• Task item
Only a single number is expected: how many lines of the data hold the word "subtitle".
Exercise data Block Start
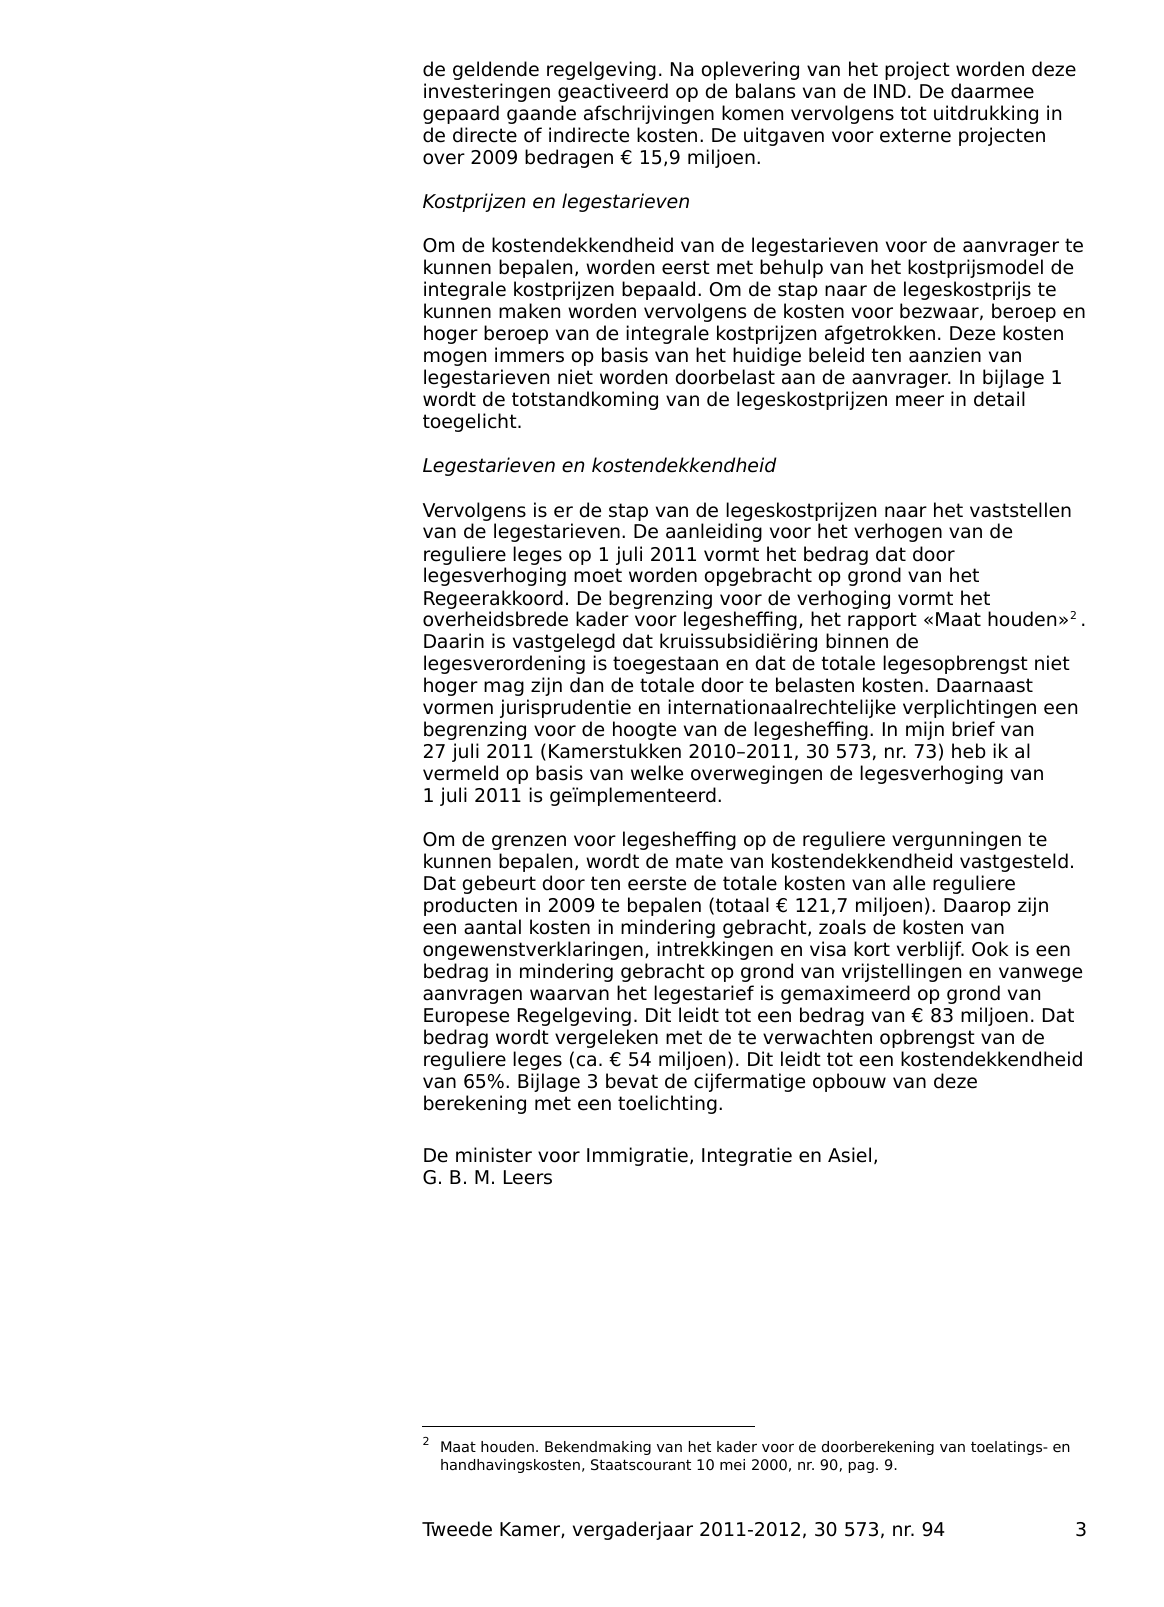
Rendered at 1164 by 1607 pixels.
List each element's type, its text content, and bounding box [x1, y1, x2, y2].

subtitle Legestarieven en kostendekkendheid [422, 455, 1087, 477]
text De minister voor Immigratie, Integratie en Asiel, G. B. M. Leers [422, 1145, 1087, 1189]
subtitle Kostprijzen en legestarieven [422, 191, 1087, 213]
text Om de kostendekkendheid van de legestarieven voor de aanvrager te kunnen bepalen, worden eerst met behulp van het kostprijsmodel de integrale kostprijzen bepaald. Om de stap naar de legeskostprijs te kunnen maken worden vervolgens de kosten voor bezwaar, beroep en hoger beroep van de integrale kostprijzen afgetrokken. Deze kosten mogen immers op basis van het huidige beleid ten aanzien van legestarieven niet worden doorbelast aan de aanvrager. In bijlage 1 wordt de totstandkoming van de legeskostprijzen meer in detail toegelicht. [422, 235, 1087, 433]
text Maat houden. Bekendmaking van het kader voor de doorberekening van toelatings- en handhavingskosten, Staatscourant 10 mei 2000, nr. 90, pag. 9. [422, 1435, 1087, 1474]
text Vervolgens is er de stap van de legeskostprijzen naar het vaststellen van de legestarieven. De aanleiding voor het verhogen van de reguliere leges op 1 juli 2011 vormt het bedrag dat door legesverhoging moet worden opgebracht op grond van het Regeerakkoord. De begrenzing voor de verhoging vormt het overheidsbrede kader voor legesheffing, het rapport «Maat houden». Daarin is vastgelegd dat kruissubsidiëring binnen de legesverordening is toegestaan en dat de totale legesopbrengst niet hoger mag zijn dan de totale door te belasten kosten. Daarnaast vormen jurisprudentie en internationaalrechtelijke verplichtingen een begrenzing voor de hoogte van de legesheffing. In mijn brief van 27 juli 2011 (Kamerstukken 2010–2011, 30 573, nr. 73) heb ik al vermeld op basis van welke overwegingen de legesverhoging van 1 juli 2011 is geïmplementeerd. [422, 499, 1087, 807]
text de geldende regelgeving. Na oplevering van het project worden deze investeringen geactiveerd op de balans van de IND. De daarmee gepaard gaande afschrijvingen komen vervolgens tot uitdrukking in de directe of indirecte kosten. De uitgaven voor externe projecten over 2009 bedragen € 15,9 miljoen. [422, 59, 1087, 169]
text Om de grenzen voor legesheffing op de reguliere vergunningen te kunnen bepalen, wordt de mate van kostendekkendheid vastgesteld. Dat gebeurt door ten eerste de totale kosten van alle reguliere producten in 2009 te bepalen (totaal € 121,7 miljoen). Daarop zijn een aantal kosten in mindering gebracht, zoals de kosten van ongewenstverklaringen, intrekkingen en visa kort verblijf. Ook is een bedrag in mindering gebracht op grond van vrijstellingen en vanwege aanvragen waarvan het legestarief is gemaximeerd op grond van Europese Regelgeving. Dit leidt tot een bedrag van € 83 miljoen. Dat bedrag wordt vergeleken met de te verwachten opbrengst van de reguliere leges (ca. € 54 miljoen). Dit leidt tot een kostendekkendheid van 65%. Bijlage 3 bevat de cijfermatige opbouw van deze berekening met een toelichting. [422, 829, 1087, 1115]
Exercise data Block End
• Your solution
2